Comparison

We will be implementing the library ggplot2 which allows us to compare statistics and create a scatter plot of the comparison. The Lahman statistics set contains the necessary information to plot with. The data is taken from the year 2014 and am comparing at bats to homeruns hit.

First, we create the dataframe to work with. The initial plot is simple because it creates a basic scatter plot with at bats on the x-axis and homeruns on the y-axis. EAch point in the first plot represents a professional baseball player who hit a homerun in 2014.

Now, lets add an extra layer. I want to create a line of best fit or regression line to show the type of relationship that these two statistics have. A linear regression was chosen because it seemed to fit best with the scatter plotted.A confidence interval is also added around the regression(a gray outline around the best fit line).

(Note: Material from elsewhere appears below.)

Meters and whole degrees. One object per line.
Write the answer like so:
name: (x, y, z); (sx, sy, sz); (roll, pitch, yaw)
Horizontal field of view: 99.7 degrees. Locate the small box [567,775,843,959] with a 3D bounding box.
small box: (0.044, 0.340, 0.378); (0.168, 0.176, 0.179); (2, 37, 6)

## `geom_smooth()` using formula 'y ~ x'

Additional Components

Lets add more components to the ggplot function. Color is going to be added to represent to two different leagues in major league baseball. The American League will be represented in red and national league in blue. I also changed the color of the regression line to make it easier to notice.

Instead of representing each of the scatter points in either of the two leagues, lets make one for every MLB team. This information is retrieved from the Lahman data set.

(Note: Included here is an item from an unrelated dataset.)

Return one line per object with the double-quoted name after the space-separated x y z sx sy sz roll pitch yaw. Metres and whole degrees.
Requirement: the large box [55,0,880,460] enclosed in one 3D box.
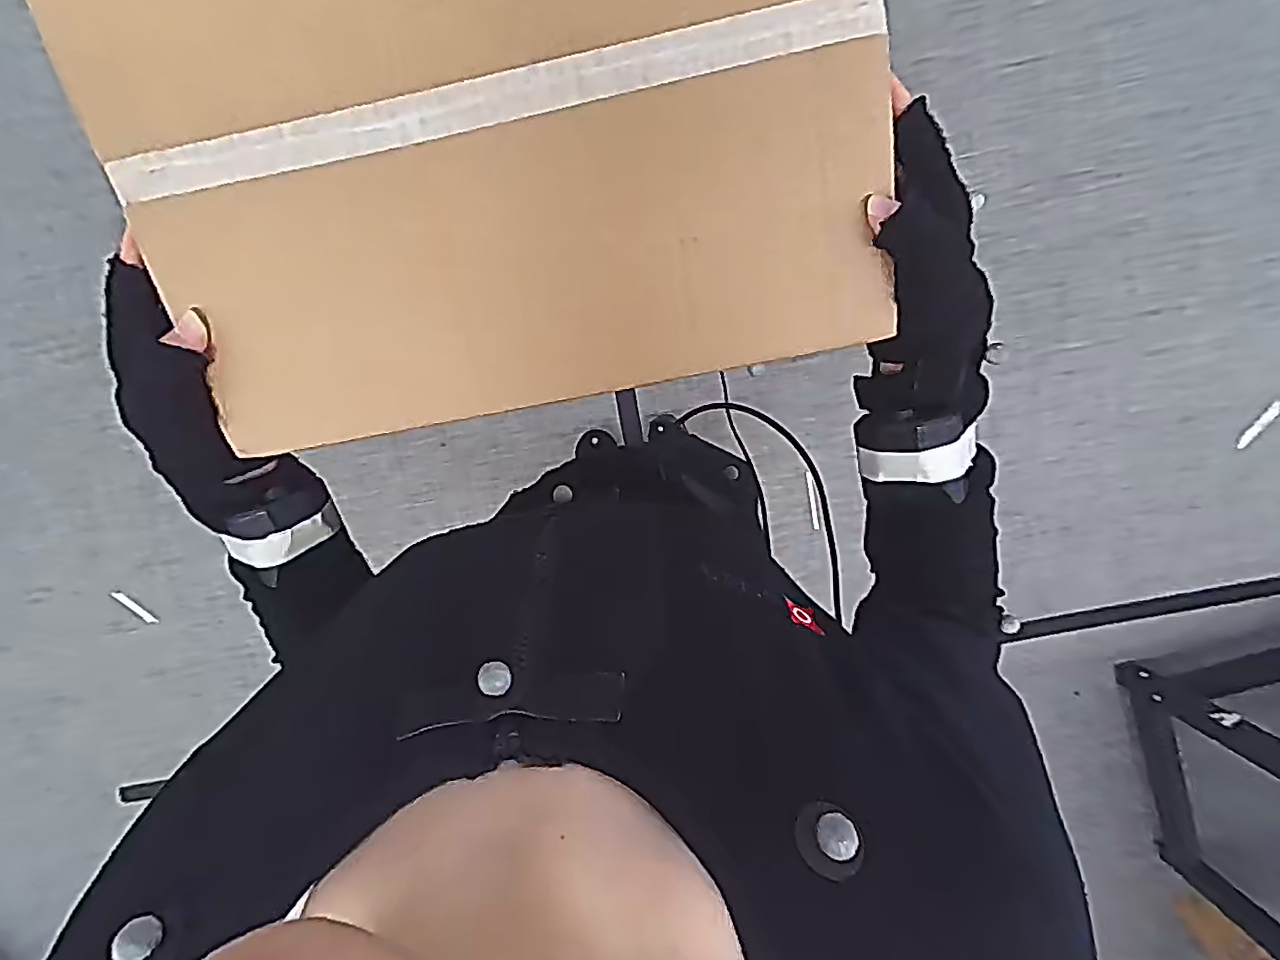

## `geom_smooth()` using formula 'y ~ x'

## `geom_smooth()` using formula 'y ~ x'

Although it is interesting to see all 30 teams be represented, there is an information overload and it is difficult to differentiate between all the teams. Lets make more scatter plot that is easier to read but still outputs the same information

## `summarise()` ungrouping output (override with `.groups` argument)
## `geom_smooth()` using formula 'y ~ x'

The new scatter plot is homeruns vs at-bats for the entire team, instead of individual players. This is a way more interesting statistic since there are less teams to compare. Now the scatter plot is way less messy and it is easier to determine the teams. The only issue is some of the colors look very similar, but we can easily see outliers as well as the new line of regression (with a confidence interval).